Give the data again exactly, without images.

• _Task material_:
§
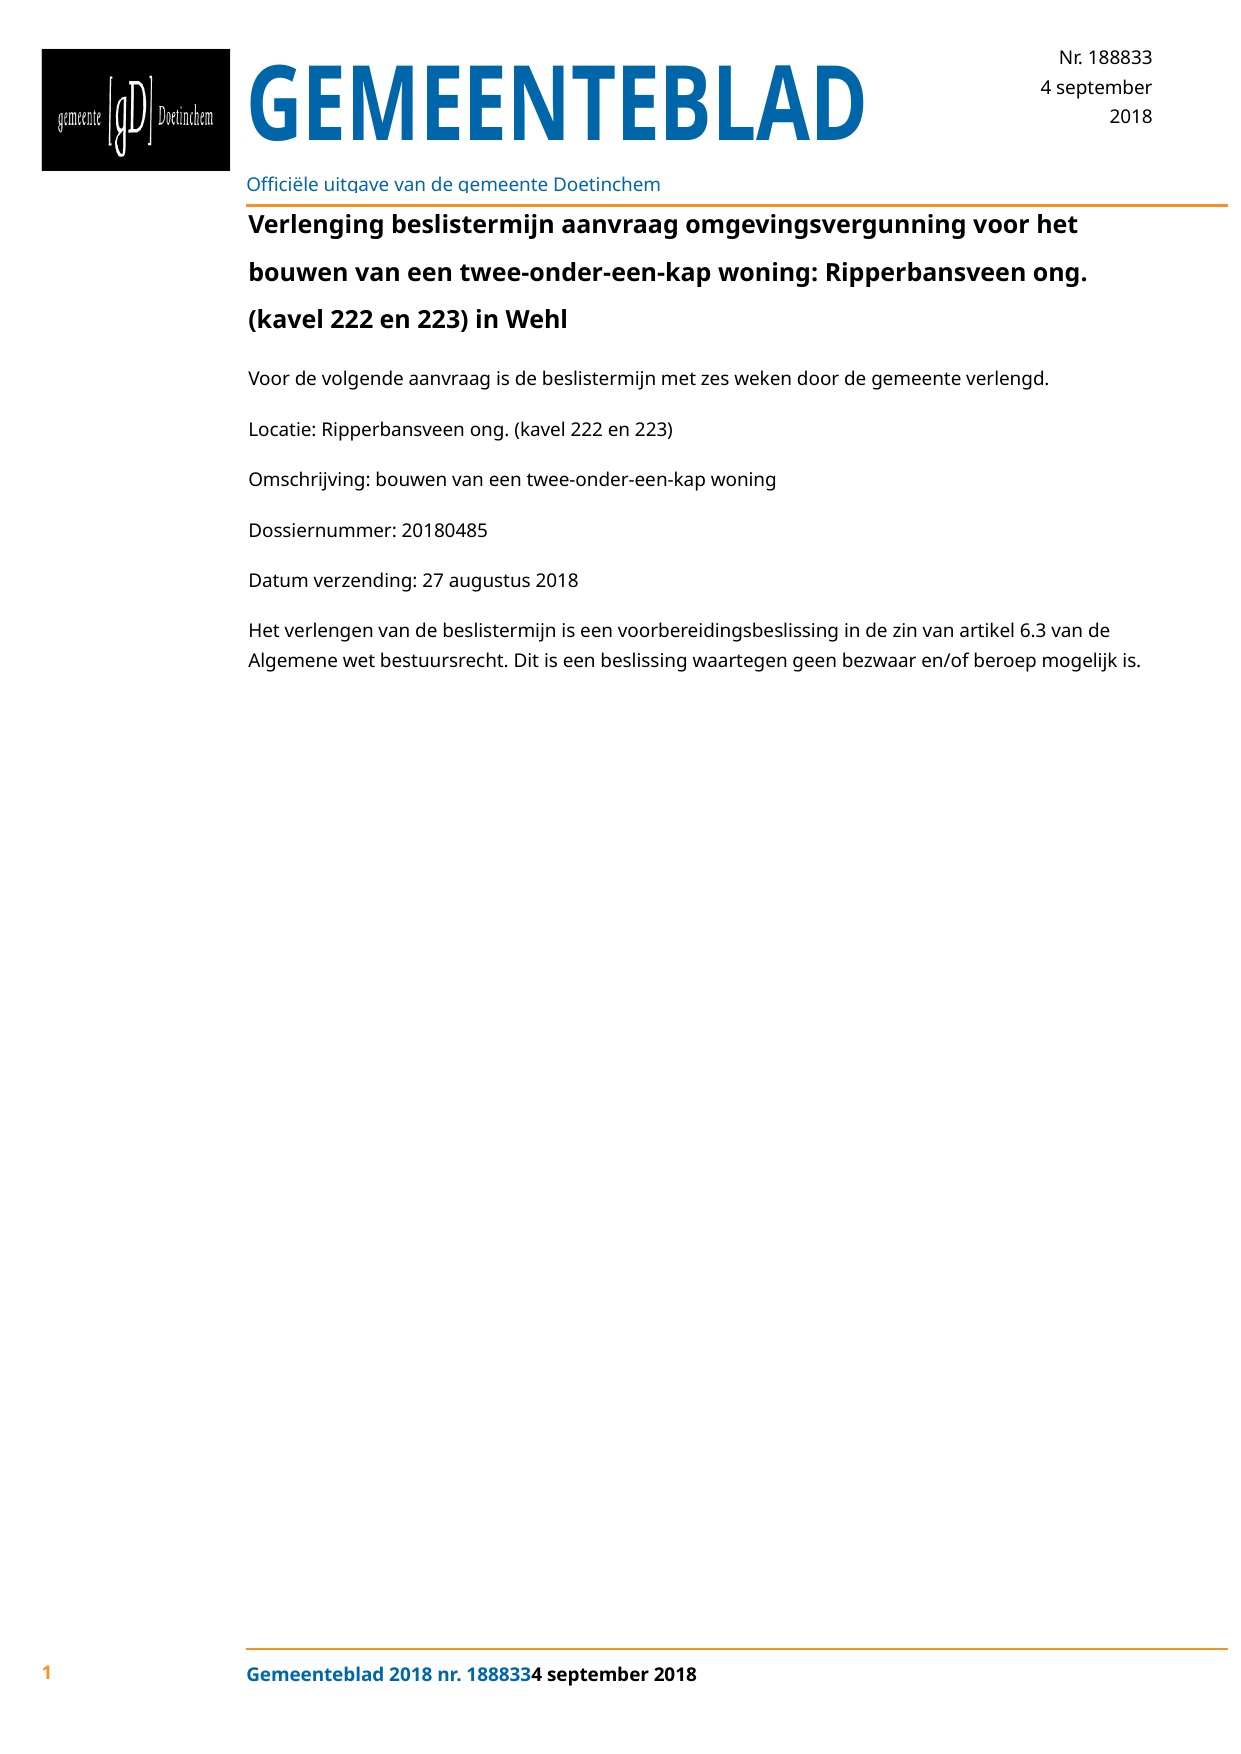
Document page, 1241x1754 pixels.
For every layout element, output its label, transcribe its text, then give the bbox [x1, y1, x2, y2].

text Het verlengen van de beslistermijn is een voorbereidingsbeslissing in de zin van artikel 6.3 van de Algemene wet bestuursrecht. Dit is een beslissing waartegen geen bezwaar en/of beroep mogelijk is. [248, 618, 1152, 673]
text Voor de volgende aanvraag is de beslistermijn met zes weken door de gemeente verlengd. [248, 366, 1152, 391]
text Locatie: Ripperbansveen ong. (kavel 222 en 223) [248, 416, 1152, 442]
text Verlenging beslistermijn aanvraag omgevingsvergunning voor het bouwen van een twee-onder-een-kap woning: Ripperbansveen ong. (kavel 222 en 223) in Wehl [248, 207, 1152, 336]
text Datum verzending: 27 augustus 2018 [248, 567, 1152, 593]
text Dossiernummer: 20180485 [248, 517, 1152, 542]
picture [41, 47, 231, 172]
text Omschrijving: bouwen van een twee-onder-een-kap woning [248, 466, 1152, 492]
§
• _Task answer_:
Document page, 1241x1754 pixels.
For every layout element, output its label, transcribe its text, then give the bbox [x1, y1, x2, y2].

text Het verlengen van de beslistermijn is een voorbereidingsbeslissing in de zin van artikel 6.3 van de Algemene wet bestuursrecht. Dit is een beslissing waartegen geen bezwaar en/of beroep mogelijk is. [248, 618, 1152, 673]
text Voor de volgende aanvraag is de beslistermijn met zes weken door de gemeente verlengd. [248, 366, 1152, 391]
text Locatie: Ripperbansveen ong. (kavel 222 en 223) [248, 416, 1152, 442]
text Verlenging beslistermijn aanvraag omgevingsvergunning voor het bouwen van een twee-onder-een-kap woning: Ripperbansveen ong. (kavel 222 en 223) in Wehl [248, 207, 1152, 336]
text Datum verzending: 27 augustus 2018 [248, 567, 1152, 593]
text Dossiernummer: 20180485 [248, 517, 1152, 542]
picture [41, 47, 231, 172]
text Omschrijving: bouwen van een twee-onder-een-kap woning [248, 466, 1152, 492]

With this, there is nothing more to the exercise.